Starting at the line that has "list klein vaartuig: vaartuig" and stopping after the line that has "text Artikel 5:21", reproduce the listing below exactly; omit everything else.

---------- Provided data ----------

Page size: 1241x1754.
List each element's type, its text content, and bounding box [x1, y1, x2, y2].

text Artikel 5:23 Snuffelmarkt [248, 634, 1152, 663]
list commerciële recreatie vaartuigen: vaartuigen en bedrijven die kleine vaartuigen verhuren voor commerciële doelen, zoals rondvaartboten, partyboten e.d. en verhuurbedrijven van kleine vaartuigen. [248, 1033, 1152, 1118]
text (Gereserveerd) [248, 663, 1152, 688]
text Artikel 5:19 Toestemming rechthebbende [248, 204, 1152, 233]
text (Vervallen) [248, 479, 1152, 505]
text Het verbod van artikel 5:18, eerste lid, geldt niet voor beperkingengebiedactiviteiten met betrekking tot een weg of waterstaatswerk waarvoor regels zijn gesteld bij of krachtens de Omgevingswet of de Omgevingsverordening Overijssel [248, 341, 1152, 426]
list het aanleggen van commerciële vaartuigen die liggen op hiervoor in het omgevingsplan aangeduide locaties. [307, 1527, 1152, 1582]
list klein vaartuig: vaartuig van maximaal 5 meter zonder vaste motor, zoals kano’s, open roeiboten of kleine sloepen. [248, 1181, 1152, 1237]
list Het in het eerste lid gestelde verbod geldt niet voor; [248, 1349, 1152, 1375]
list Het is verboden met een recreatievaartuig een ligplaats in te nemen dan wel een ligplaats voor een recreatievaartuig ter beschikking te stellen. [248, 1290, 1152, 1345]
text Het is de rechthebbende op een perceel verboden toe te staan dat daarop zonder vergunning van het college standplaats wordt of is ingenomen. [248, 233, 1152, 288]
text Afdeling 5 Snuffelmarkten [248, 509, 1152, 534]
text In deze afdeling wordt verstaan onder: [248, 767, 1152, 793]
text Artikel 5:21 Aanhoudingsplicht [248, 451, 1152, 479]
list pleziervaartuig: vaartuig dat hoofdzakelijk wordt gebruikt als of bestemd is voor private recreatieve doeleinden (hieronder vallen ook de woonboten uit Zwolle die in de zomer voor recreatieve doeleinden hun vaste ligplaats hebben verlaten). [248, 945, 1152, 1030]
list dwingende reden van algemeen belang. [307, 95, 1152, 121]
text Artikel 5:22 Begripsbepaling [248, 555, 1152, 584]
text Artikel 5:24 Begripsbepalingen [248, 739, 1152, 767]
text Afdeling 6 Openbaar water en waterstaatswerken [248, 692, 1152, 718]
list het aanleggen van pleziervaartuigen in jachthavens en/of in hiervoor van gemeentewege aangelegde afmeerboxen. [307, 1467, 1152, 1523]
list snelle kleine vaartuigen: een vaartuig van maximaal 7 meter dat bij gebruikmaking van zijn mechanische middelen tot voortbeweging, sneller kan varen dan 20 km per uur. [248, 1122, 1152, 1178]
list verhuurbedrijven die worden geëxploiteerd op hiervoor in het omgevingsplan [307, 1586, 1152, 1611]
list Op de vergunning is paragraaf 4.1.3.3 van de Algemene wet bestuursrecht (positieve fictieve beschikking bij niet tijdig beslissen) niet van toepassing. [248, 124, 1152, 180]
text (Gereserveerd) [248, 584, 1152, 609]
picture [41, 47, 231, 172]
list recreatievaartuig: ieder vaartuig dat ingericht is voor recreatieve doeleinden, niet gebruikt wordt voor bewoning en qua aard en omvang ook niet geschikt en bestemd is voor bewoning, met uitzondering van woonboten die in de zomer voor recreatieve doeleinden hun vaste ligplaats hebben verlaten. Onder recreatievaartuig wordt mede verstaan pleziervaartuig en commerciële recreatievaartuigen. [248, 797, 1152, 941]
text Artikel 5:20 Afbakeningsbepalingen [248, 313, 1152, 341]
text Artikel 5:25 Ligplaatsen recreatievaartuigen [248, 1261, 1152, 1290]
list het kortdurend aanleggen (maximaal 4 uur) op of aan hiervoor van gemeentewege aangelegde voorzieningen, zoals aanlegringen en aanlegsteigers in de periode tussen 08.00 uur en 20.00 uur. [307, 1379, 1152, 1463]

----------

Exercise output ▸
list klein vaartuig: vaartuig van maximaal 5 meter zonder vaste motor, zoals kano’s, open roeiboten of kleine sloepen. [248, 1181, 1152, 1237]
list Het in het eerste lid gestelde verbod geldt niet voor; [248, 1349, 1152, 1375]
list Het is verboden met een recreatievaartuig een ligplaats in te nemen dan wel een ligplaats voor een recreatievaartuig ter beschikking te stellen. [248, 1290, 1152, 1345]
text Het is de rechthebbende op een perceel verboden toe te staan dat daarop zonder vergunning van het college standplaats wordt of is ingenomen. [248, 233, 1152, 288]
text Afdeling 5 Snuffelmarkten [248, 509, 1152, 534]
text In deze afdeling wordt verstaan onder: [248, 767, 1152, 793]
text Artikel 5:21 Aanhoudingsplicht [248, 451, 1152, 479]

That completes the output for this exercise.